Other industry stakeholders have joined the regional plantations companies (RPCs) in calling for an output-linked remuneration mechanism, to put the country’s estate sector, plagued by a number of issues, on a more sustainable footing through much-needed productivity improvements.
In response to the demands from plantation labour unions to increase the present archaic attendance-based wage – which has led to escalating costs and mounting losses and does not provide sufficient incentive for workers to enhance productivity – the RPCs have suggested two win-win alternatives. These proposals – pertaining to productivity-based wages and revenue sharing – represent a complete overhaul of the current system and transformation of workers to entrepreneurs functioning as part of an autonomous social business enterprise. The sentiments of the RPCs with regard to productivity improvements have been endorsed by certain key industry stakeholders including tea factory owners – reflecting the widespread support for output-linked remuneration among those familiar with the estate sector’s woes.

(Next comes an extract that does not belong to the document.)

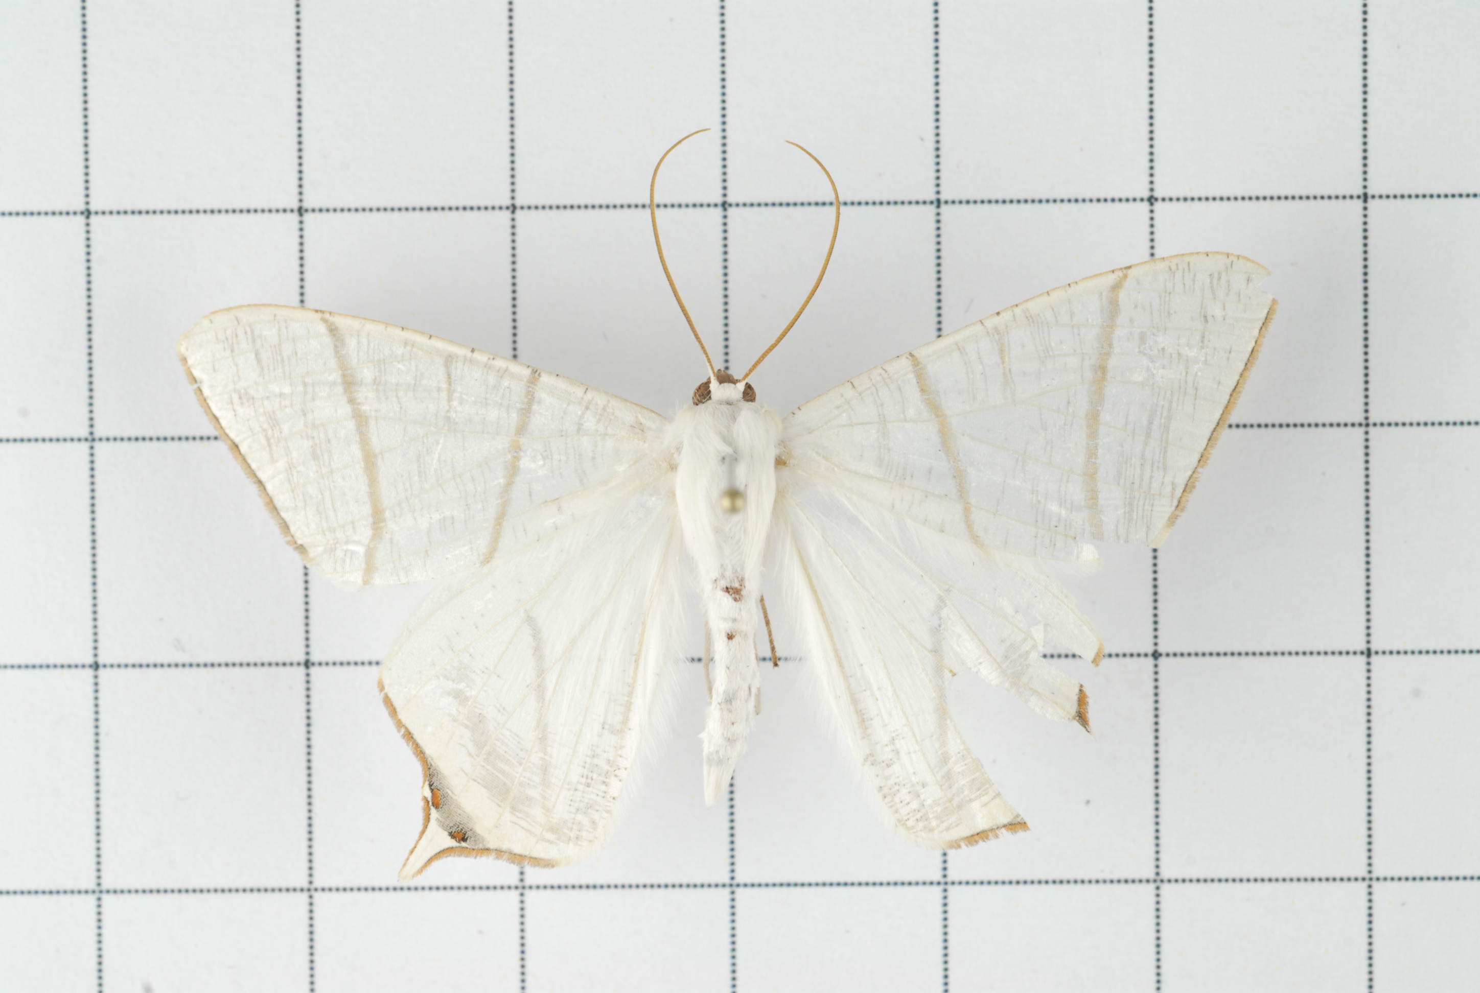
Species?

“It is now increasingly clear that linking worker wages with output offers the only sustainable solution which can even partially mitigate the severe downturn of Sri Lanka’s plantation industry,” Roshan Rajadurai, the Chairman of the Planters’ Association of Ceylon – which represents the RPCs – said. “In a highly labour-intensive sector, improving labour productivity clearly plays a critical role in enhancing the overall productivity. Therefore, it is essential to move to a more sustainable model, which incentivizes productivity and which transforms workers to entrepreneurs. This would enable the workers to function with greater dignity, thus reducing the outflow of workers to other sectors.”
“Thereby the workers would be an integral industry stakeholder,” Rajadurai added. “This type of inclusive partnership arrangement will clearly demonstrate to the workers that they themselves determine their future earning and their level of quality of life. The numerous experiences in other tea plantation economies that have followed this system clearly indicate the benefits to the workers arising from such a remuneration model.”

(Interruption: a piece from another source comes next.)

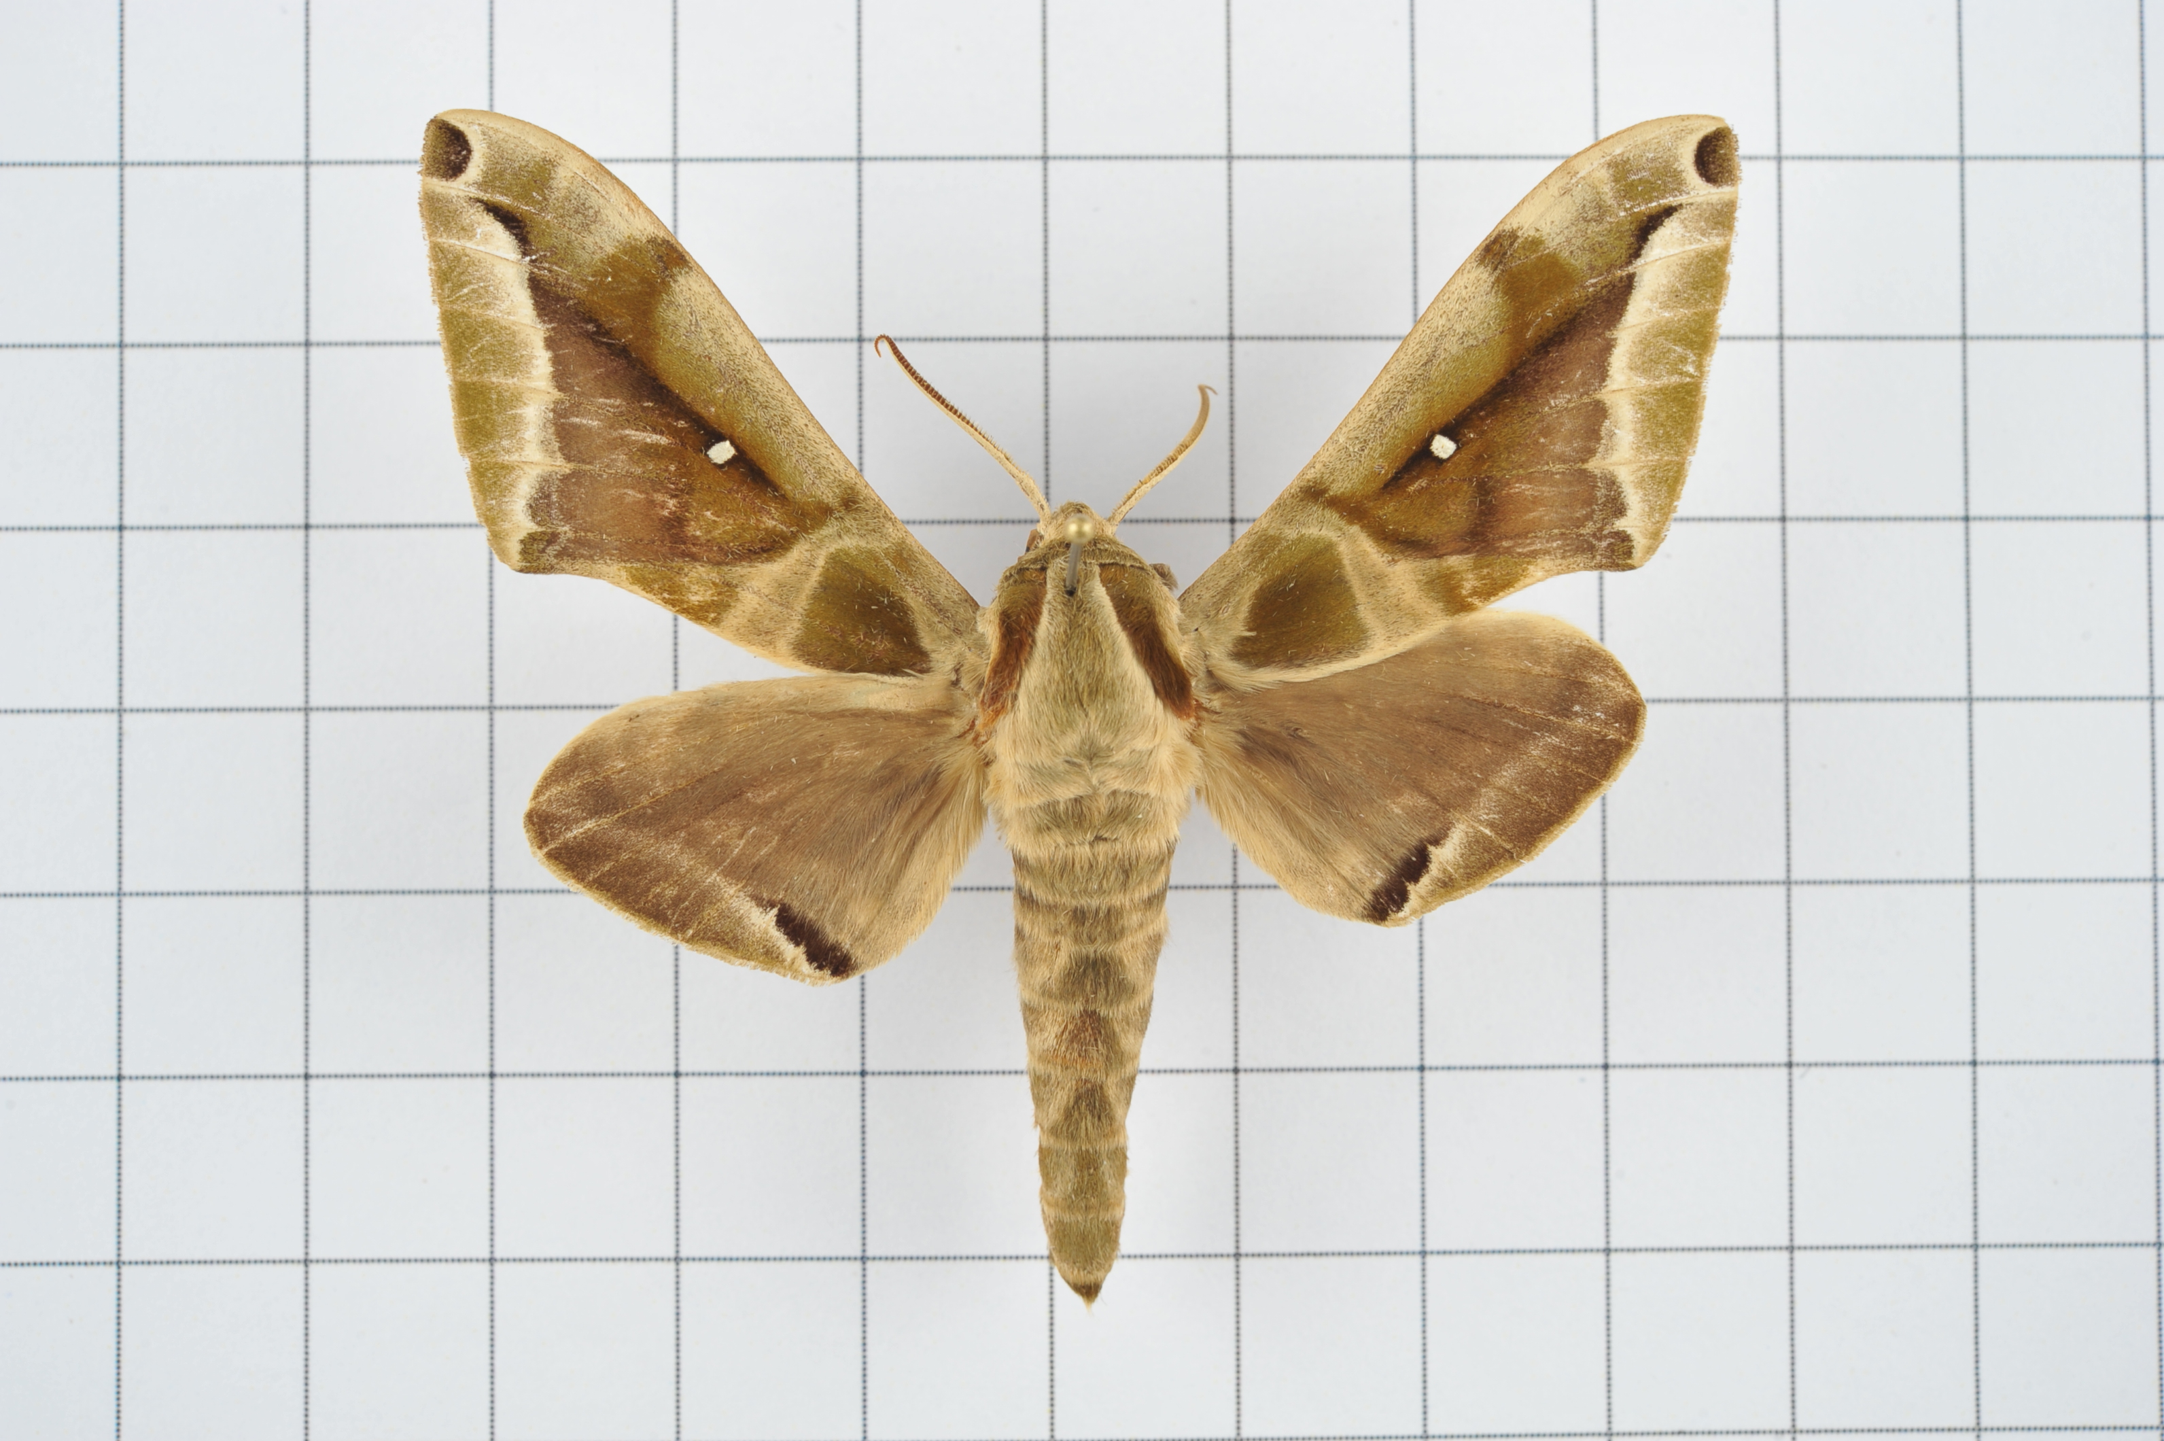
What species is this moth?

“Linking worker remuneration to output offers a mutually-beneficial and sustainable solution to overcome the woes of the plantation industry, as demonstrated by experiments,” Kahawatte Plantations PLC CEO Viren Ruberu said. Kahawatte Plantations has successfully implemented a similar mechanism to the proposed revenue-sharing model in a number of its estates. In Endane – the company’s first estate to implement the model – around 30 percent of overall plucking of tea is now being done via the system. “While some are of the misguided impression that the RPCs are unwilling to provide a wage increase, it should be noted that the RPCs are unable to do so via the present structure due to the severe financial constraints,” Ruberu noted. “However, we will be able to provide a higher income to workers provided that productivity too increases sufficiently – to reduce the massive gap with competitor nations.” “Observing the figures over many years across RPCs, it is abundantly clear that the traditional daily wage structure cannot address the industry’s issues,” Watawala Plantations PLC Deputy CEO Binesh Pananwala said.
“The new wage proposals presented by the RPCs enable productivity to be increased without compromising on the requirements of the workers and thereby present a win-win. Implementation of the proposals can contribute significantly towards putting the sector on a stronger footing and has the potential to enable RPCs to increase their investments – thereby benefiting all in the long run.”
Some other industry stakeholders too have expressed similar sentiments to that of the RPCs, indicating their support for substantial productivity improvements in the sector. “The country’s leadership and all stakeholders of the plantation sector should recognize that there is a need for a radical mindset change,” Sri Lanka Tea Factory Owners’ Association (SLTFOA) Chairman Anil Alwis said.
“As cost of production of Ceylon tea is high and increasing, we must all realize that we have no option but to concentrate on the high-end of the market. Old archaic systems are not relevant to sustainability of the sector. A productivity-based/revenue-share model is the only resolve to the prevailing predicament of the tea industry. In the long term, this wage model will be mutually beneficial to the workers as well as the companies – a win-win situation for all.”
The productivity-based wage system proposes an 11 percent increase in the basic wage to Rs.500 (from Rs.450 at present) for a minimum daily plucking average of 15 kilogrammes of tea leaves. Each additional kilogramme plucked will be paid for at Rs.40 (an increase from the Rs.23 paid at present), thus enabling a worker who plucks 25 kilogrammes of tea leaves to earn Rs.1,000 a day (including the Employees’ Provident Fund (EPF) and Employees’ Trust Fund (ETF) contributions). This paves the way for productive workers to earn their desired daily income of Rs.1,000. According to the revenue-sharing mechanism (similar to the manner in which the smallholders operate) the workers engaged in harvesting will be paid a predetermined value as already done in the Bought Leaf Formula, based on the prices realised at the auction. An agreement will be signed between each registered worker and the company for six months and each worker shall be allocated to pluck a specific number of tea bushes from all categories/yields.